### [AIM OF THE EXERCISE]
Dropping every picture, set down exactly the lines in the entries below, starting with the line with "Write a very short answer. North" and going on through the line with "Convert chart to".

### [DATASET]
● ● ● ● ●

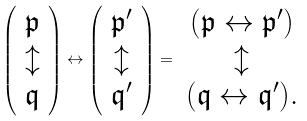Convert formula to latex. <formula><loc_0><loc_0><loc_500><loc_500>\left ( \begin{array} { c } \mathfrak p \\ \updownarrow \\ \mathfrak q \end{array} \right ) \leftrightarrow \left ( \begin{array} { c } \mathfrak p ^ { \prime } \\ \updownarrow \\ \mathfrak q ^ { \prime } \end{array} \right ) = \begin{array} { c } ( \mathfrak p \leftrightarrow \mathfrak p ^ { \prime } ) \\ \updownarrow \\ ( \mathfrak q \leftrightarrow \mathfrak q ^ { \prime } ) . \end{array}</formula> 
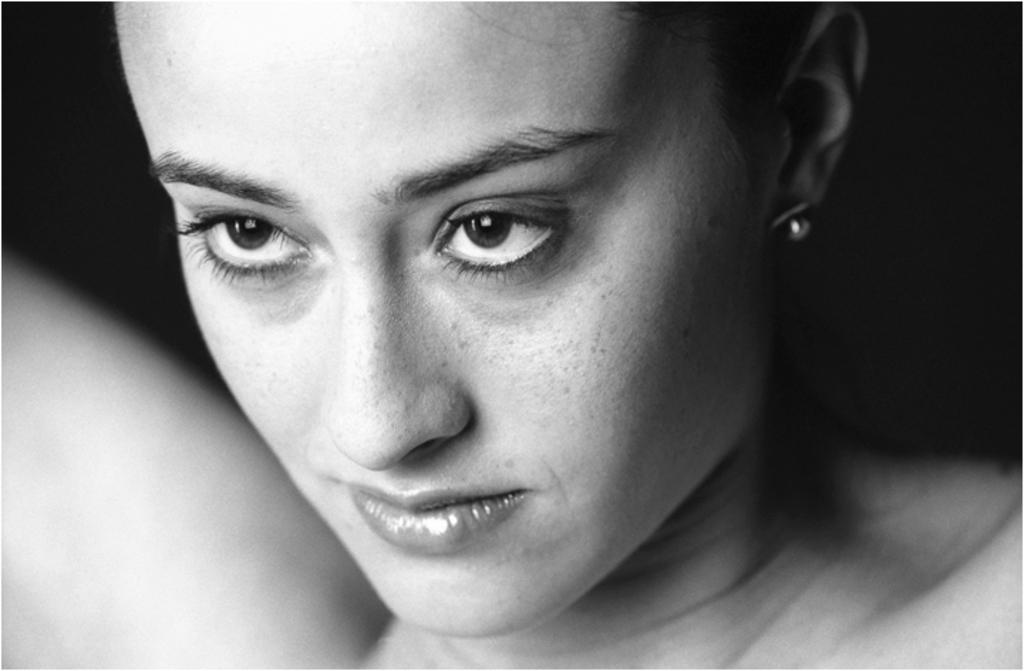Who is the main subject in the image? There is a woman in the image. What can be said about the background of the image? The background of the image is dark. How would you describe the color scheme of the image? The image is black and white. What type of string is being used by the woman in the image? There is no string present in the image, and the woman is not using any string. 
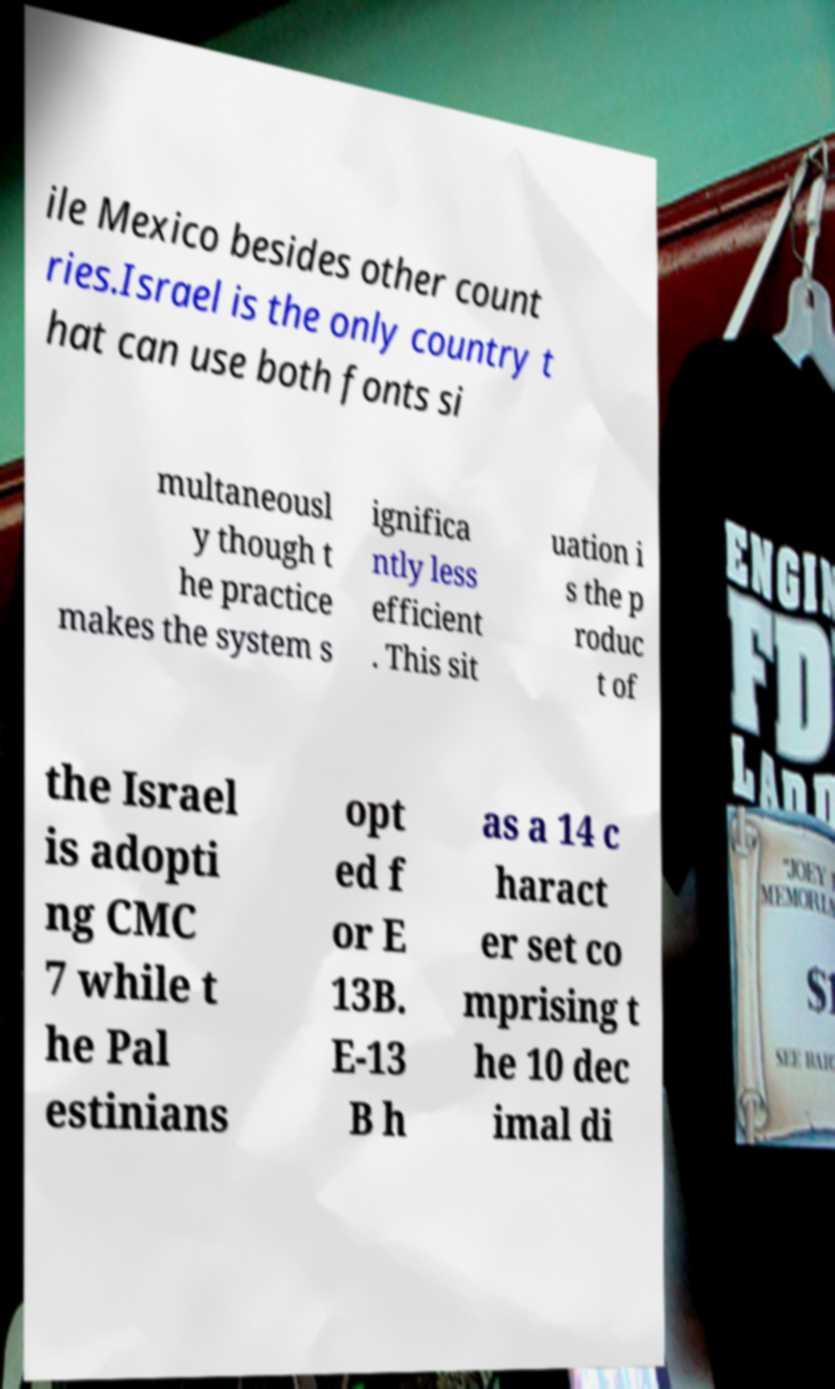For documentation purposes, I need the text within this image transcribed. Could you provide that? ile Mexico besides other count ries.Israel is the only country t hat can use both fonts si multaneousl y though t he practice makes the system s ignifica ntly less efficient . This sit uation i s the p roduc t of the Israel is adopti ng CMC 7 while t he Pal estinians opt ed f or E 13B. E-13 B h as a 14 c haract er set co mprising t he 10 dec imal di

● ● ● ● ●

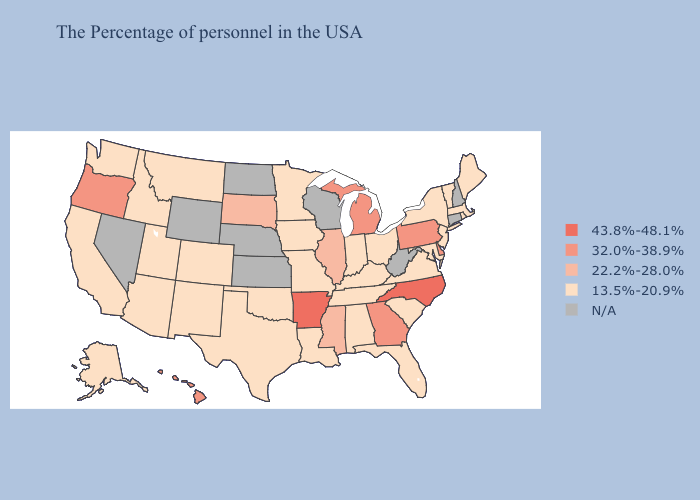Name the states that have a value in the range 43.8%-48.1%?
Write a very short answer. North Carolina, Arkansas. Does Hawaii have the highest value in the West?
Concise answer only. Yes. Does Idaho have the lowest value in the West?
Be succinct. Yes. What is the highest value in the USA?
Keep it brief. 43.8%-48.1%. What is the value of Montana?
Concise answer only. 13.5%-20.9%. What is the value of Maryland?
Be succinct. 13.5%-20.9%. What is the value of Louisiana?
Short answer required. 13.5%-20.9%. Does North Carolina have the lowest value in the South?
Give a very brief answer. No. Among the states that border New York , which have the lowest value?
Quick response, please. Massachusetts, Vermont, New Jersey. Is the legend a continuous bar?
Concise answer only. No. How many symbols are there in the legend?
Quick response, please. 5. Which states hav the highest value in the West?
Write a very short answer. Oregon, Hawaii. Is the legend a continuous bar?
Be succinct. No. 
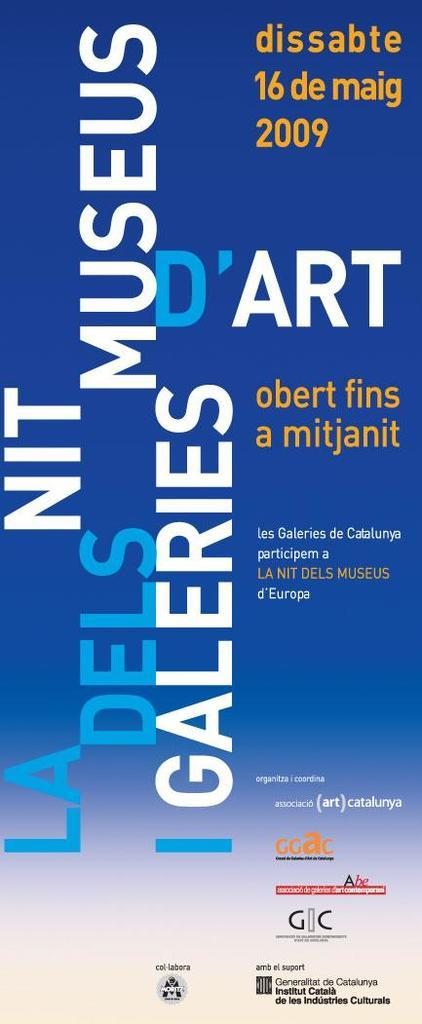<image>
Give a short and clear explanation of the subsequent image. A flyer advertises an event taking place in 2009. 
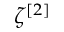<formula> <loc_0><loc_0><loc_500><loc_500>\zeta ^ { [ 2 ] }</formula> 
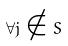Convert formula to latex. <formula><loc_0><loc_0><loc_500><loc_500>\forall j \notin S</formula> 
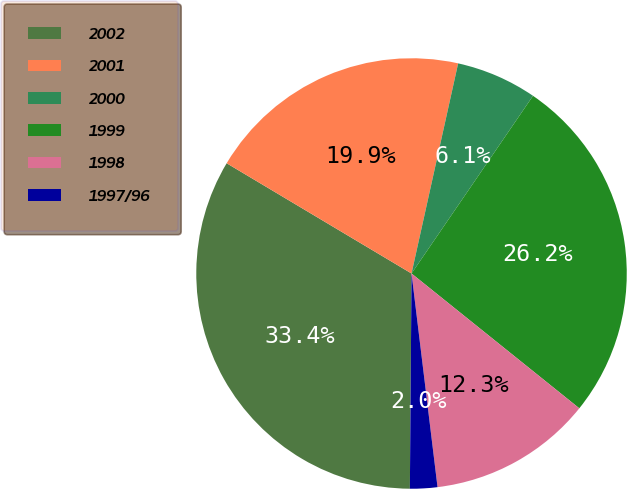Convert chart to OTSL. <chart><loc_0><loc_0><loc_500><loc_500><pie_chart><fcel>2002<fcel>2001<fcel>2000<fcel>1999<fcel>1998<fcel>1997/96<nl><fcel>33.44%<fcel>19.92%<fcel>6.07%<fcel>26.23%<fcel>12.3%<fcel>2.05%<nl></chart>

● ● ● ● ●

### [TASK SOLUTION]
Write a very short answer. North Carolina, Arkansas. Does Hawaii have the highest value in the West?
Concise answer only. Yes. Does Idaho have the lowest value in the West?
Be succinct. Yes. What is the highest value in the USA?
Keep it brief. 43.8%-48.1%. What is the value of Montana?
Concise answer only. 13.5%-20.9%. What is the value of Maryland?
Be succinct. 13.5%-20.9%. What is the value of Louisiana?
Short answer required. 13.5%-20.9%. Does North Carolina have the lowest value in the South?
Give a very brief answer. No. Among the states that border New York , which have the lowest value?
Quick response, please. Massachusetts, Vermont, New Jersey. Is the legend a continuous bar?
Concise answer only. No. How many symbols are there in the legend?
Quick response, please. 5. Which states hav the highest value in the West?
Write a very short answer. Oregon, Hawaii. Is the legend a continuous bar?
Be succinct. No. 
<image>
Give a short and clear explanation of the subsequent image. A flyer advertises an event taking place in 2009. 
<formula> <loc_0><loc_0><loc_500><loc_500>\zeta ^ { [ 2 ] }</formula> 
Convert formula to latex. <formula><loc_0><loc_0><loc_500><loc_500>\forall j \notin S</formula> 
Convert chart to OTSL. <chart><loc_0><loc_0><loc_500><loc_500><pie_chart><fcel>2002<fcel>2001<fcel>2000<fcel>1999<fcel>1998<fcel>1997/96<nl><fcel>33.44%<fcel>19.92%<fcel>6.07%<fcel>26.23%<fcel>12.3%<fcel>2.05%<nl></chart>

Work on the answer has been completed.